No Globo de Ouro, o filme teve melhor sorte, vencendo o troféu de melhor atriz dramática (Kate Winslet) e ainda sendo lembrado com indicações de melhor filme (drama), melhor diretor e melhor ator (DiCaprio).

Nos anos 50, Frank (DiCaprio) e April (Kate Winslet) têm menos de 30 anos, vivem nos arredores de Nova York, criando um casal de filhos adoráveis. Ele trabalha no departamento de vendas de uma empresa de máquinas, ela é dona-de-casa. Tudo estaria muito bem, não fosse o desânimo que toma conta dos dois, sentindo marasmo em suas vidas.

April sofre com a falta de perspectivas de futuro, após abrir mão de uma possível carreira de atriz. Além disso, sente o peso da responsabilidade de manter a harmonia do casal.

TRAILER DE "FOI APENAS UM SONHO"
CLIQUE AQUI PARA VER MAIOR
Não é à toa que April e Frank têm discutido tanto. Eles mal conhecem a si mesmos, que dirá um ao outro. Assim, todas as brigas acabam mal.

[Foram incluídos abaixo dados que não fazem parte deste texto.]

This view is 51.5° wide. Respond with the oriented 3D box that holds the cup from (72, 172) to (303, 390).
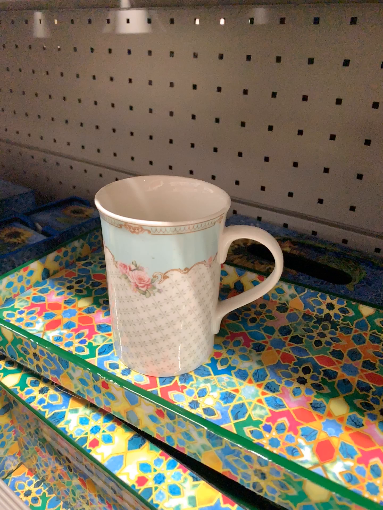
[{"bbox_3d":[0.000,0.011,0.246,0.110,0.100,0.080,4,28,5],"label":"cup"}]
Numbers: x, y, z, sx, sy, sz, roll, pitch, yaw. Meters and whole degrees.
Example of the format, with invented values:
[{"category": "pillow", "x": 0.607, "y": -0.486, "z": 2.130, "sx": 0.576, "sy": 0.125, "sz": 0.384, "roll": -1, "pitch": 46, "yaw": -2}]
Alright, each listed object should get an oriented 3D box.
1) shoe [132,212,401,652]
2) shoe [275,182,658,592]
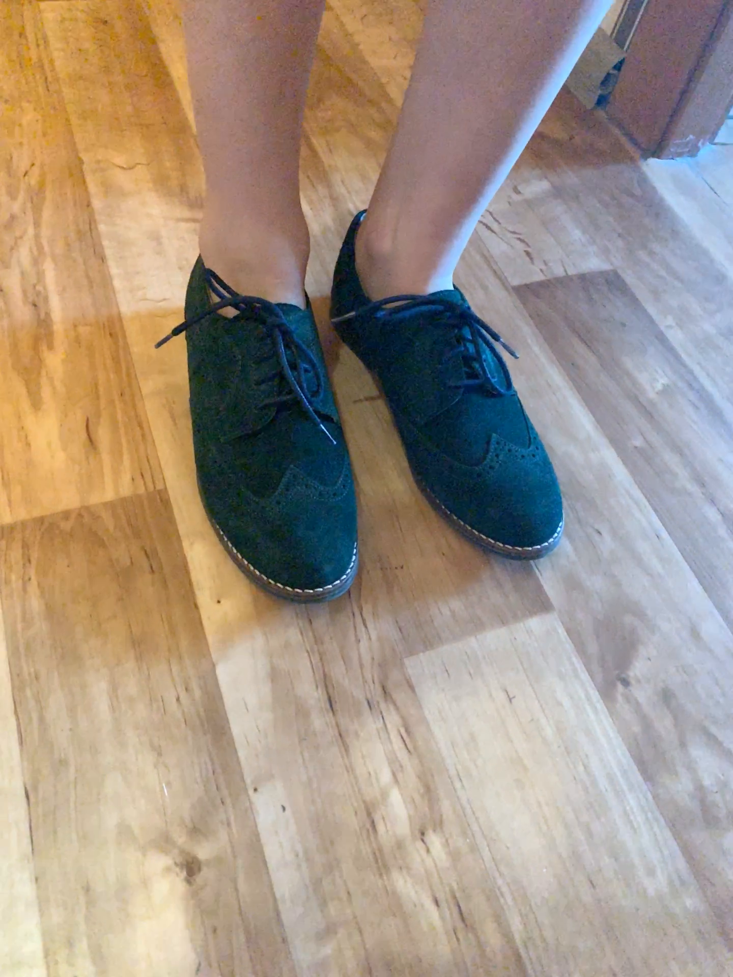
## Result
[{"category": "shoe", "x": -0.071, "y": -0.047, "z": 0.455, "sx": 0.090, "sy": 0.080, "sz": 0.261, "roll": -11, "pitch": 59, "yaw": -16}, {"category": "shoe", "x": 0.046, "y": -0.074, "z": 0.474, "sx": 0.100, "sy": 0.080, "sz": 0.250, "roll": -23, "pitch": 63, "yaw": -23}]

"Foi Apenas um Sonho" é um filme sobre um casal e uma época, mas também sobre um sentimento existencial. Quase dez anos depois de "Beleza Americana" (99), Sam Mendes volta a examinar o mal-estar da classe média suburbana, agora a dos anos de 1950 - mas que não deixa de alguma forma também de ser atemporal.

Os melhores momentos de "Foi Apenas um Sonho" são aqueles em que Frank e April são obrigados a encarar um ao outro, seus medos e frustrações - especialmente depois da visita de um vizinho com problemas mentais, vivido por Michael Shannon (indicado ao Oscar como coadjuvante), que joga na cara do casal aquilo que eles chamam de "vazio sem esperança".

Para fugir desse mal-estar que os consome, April planeja uma mudança para Paris, onde ela deverá trabalhar como secretária e sustentar Frank e as crianças, enquanto o marido decide o que realmente quer fazer da vida. Essa opção, aliás, é um escândalo para os vizinhos - entre eles, a corretora de imóveis interpretada por Kathy Bates. Porém, isso é apenas um plano. A realidade mais cedo ou mais tarde bate à porta, transformando o sonho americano em pesadelo.

O romance que deu origem ao filme, no original, "Revolutionary Road" - e que acaba de ser lançado no Brasil com o mesmo título do filme - é de 1961, ou seja, foi publicado poucos anos depois da época que retrata.

Esse é o tipo de livro que Hollywood em geral hesita em levar às telas, pois aqui não há catarse, não há redenção: é uma história que vai de mal a muito pior, é o retrato de uma geração.

A adaptação assinada por Justin Haythe mantém, inclusive, alguns diálogos literais do livro, mas raramente consegue entrar no centro da emoção dos personagens tão bem quanto o texto original de Yates.

DiCaprio está muito bem, mas a alma do filme é mesmo Kate. Numa cena, perto do final, quando se despede do marido que sai para o trabalho e força o sorriso para não entregar seus planos, é fácil entender por que essa é uma das atrizes cuja interpretação nunca decepciona.